One year on from Islamic State capture, there are no Christians left in Qaraqosh

ReutersAround 50,000 Iraqi Christians were forced to flee Qaraqosh in August last year.

One year ago, Islamic State militants captured the town of Qaraqosh in Iraq, forcing thousands – many of them Christians – to flee. Kurdish troops withdrew on August 6 2014, leaving ISIS free to move in overnight and take four Christian-majority towns, less than a month after the group overran nearby Mosul.

Qaraqosh had been home to Iraq's largest Christian community, with at least a quarter of the country's Christian population living in the city and its surrounding towns. Its exodus prompted further concerns about the future of Christianity in the Middle East, and calls for the international community to open their borders to those fleeing persecution.

Father Nageed Michaeel, a Dominican priest, was among those who left Qaraqosh on August 6, walking 40km on foot to Erbil in the middle of the night with around 50,000 others.

"It was terrible. There were women and children with no food and water," he recalled of the journey in an interview with Kurdish news agency Rudaw.
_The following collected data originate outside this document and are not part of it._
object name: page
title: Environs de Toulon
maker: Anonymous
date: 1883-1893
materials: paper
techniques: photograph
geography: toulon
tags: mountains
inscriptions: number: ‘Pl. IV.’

Of the situation in Erbil, he said the tens of thousands left stranded were getting desperate. "We are in a tunnel and cannot see the light," he said.
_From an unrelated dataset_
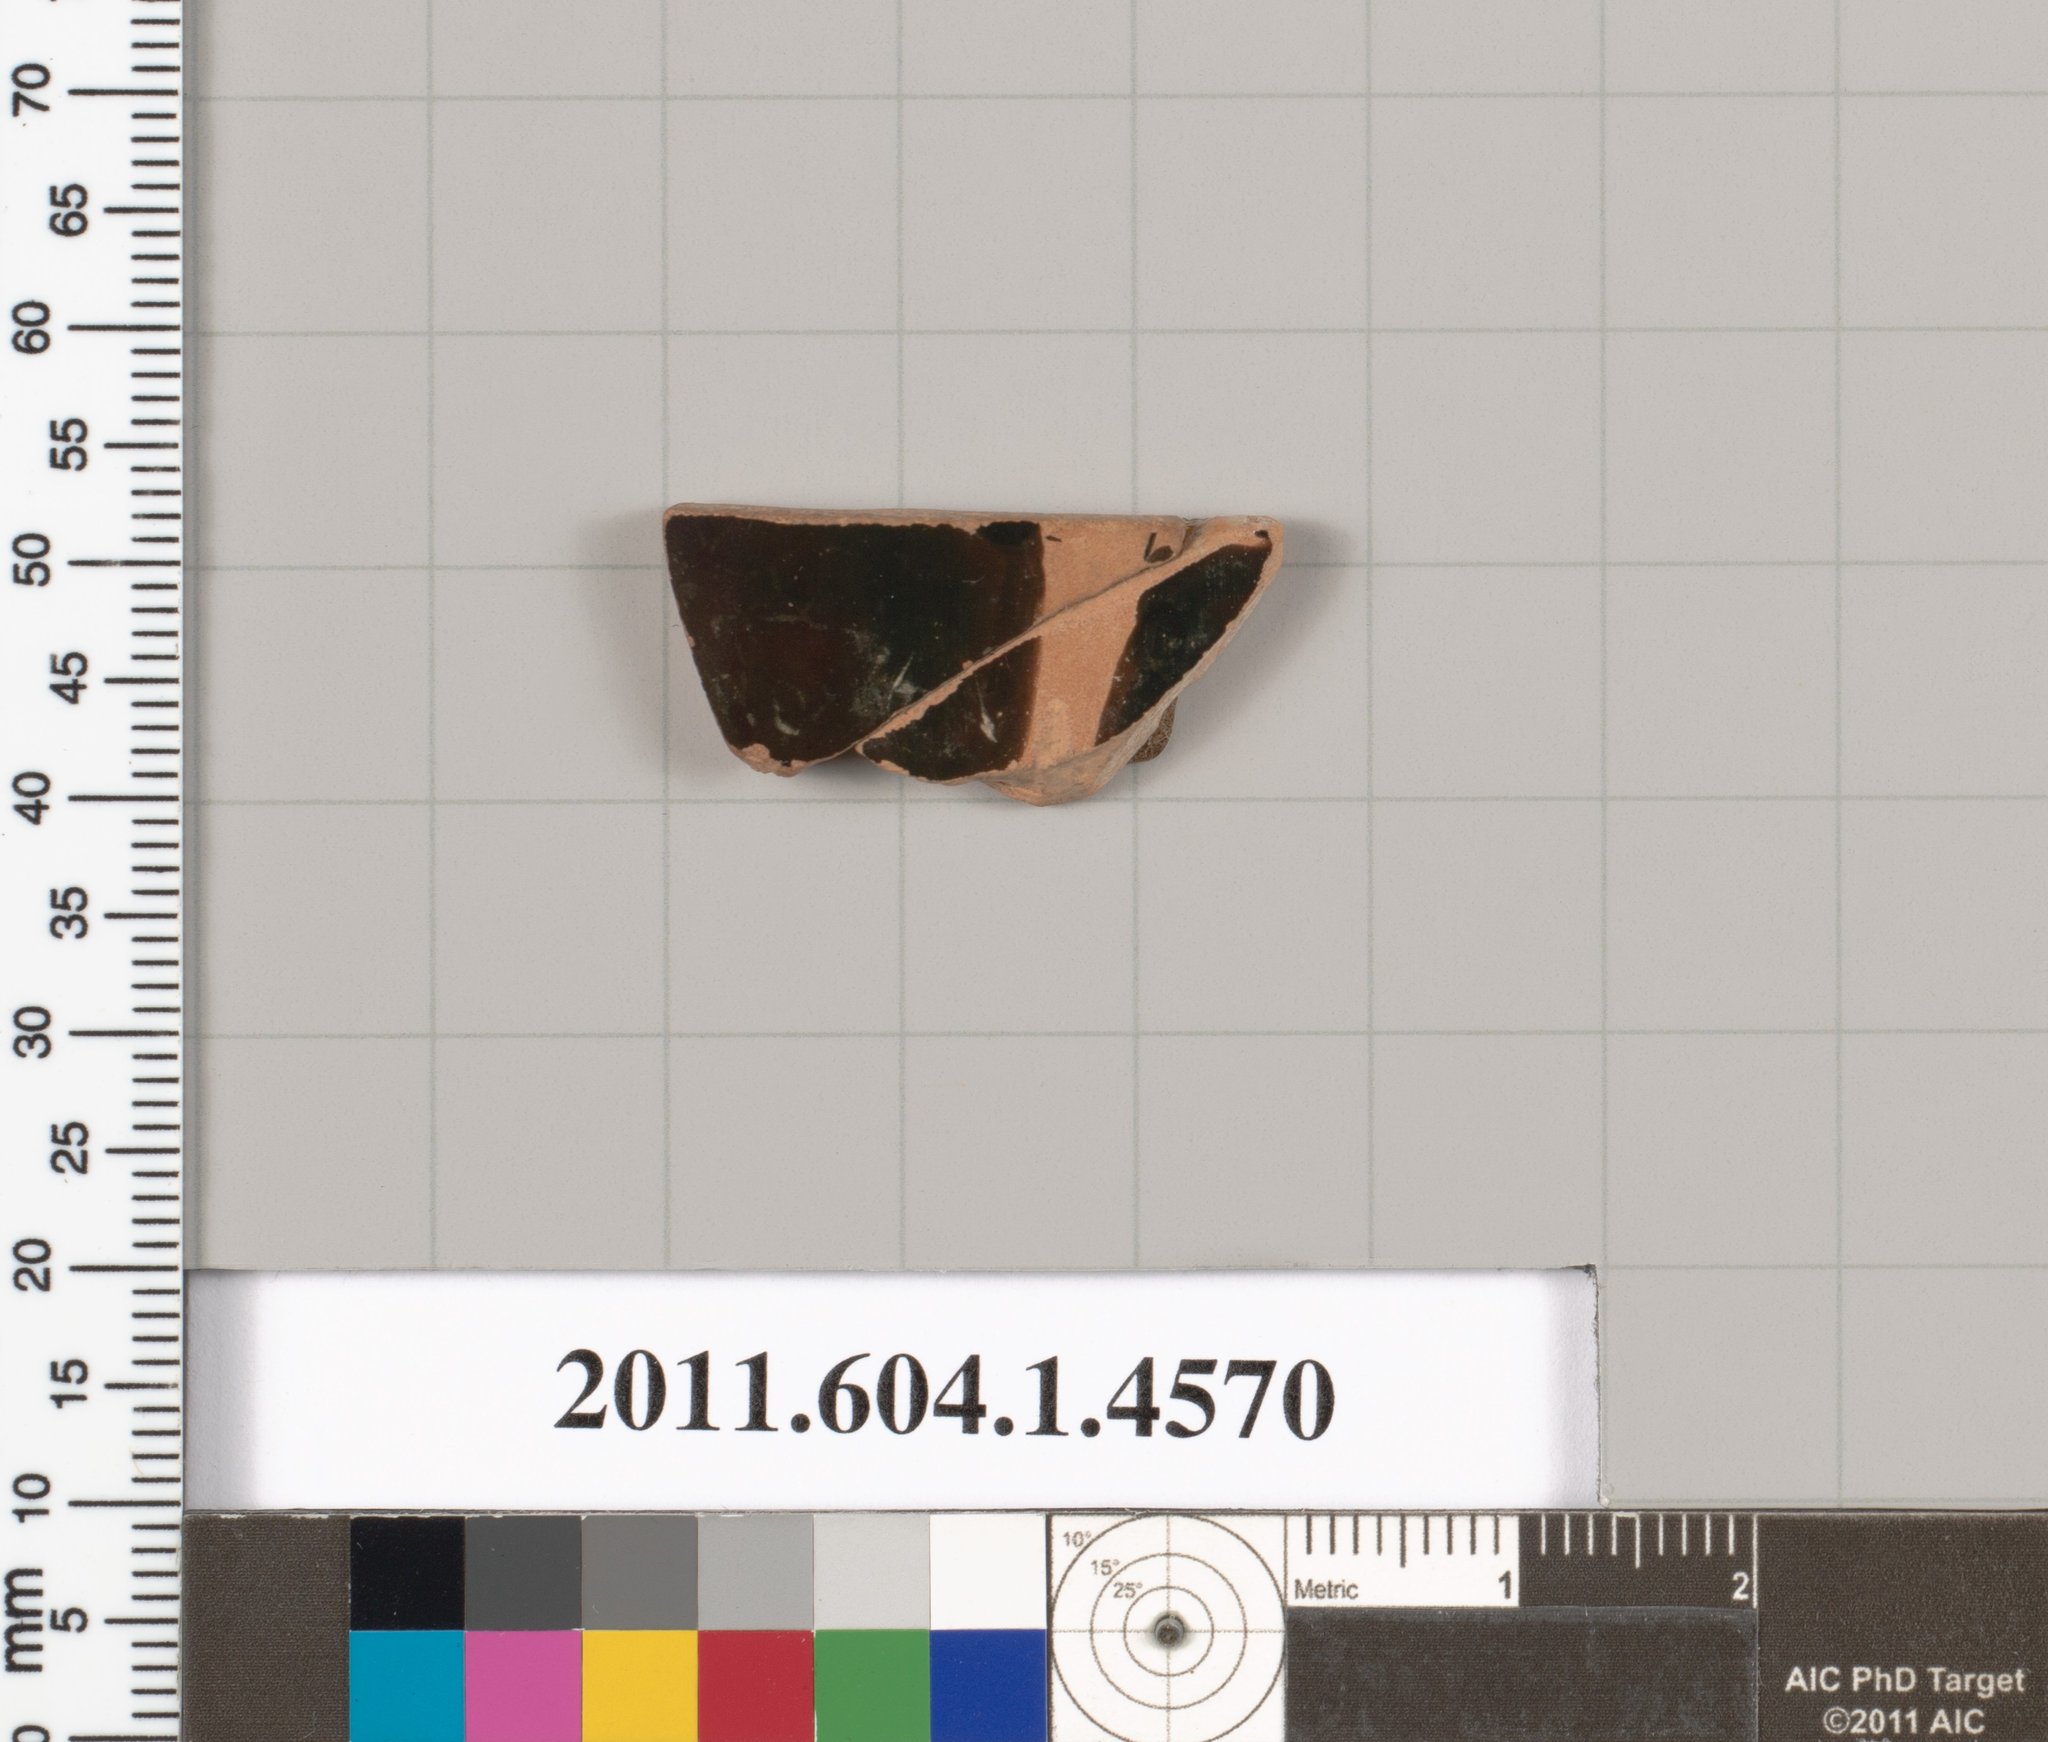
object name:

No Christians are believed to remain in in Qaraqosh, and it is still in the hands of ISIS. In December of last year, an Iraqi priest told the Sunday Times that Bahnam Wa Sara and Al Kiama churches in the town were being used by ISIS to hold prisoners.

"These two churches are being used as prisons and for torture," Abu Aasi said, speaking from Baghdad where he had fled.

"Most inside are Christians and they are being forced to convert to Islam. ISIS have been breaking all the crosses and statues of Mary."

Despite intense persecution, however, there have been incredible stories of forgiveness from those forced to flee. Speaking to SAT-7 in March, a 10-year-old girl from Qaraqosh, Myriam, said she would ask God to forgive the militants who threatened her family's life.

"God loves everybody," she said. "I'm not angry with God because we left Qaraqosh, I thank him because he provided [for] us. Even if we're suffering here, he provides for us." She ended her interview – which has been watched hundreds of thousands of times online – with a song about how much she loves Jesus.

A year on from the invasion, and ISIS continues its bid to create a caliphate. This week, an estimated 250 Syriac Orthodox and Syriac Catholic Christians were abducted by the group in Syria, and barely a day goes by without stories of hideous brutality emerging.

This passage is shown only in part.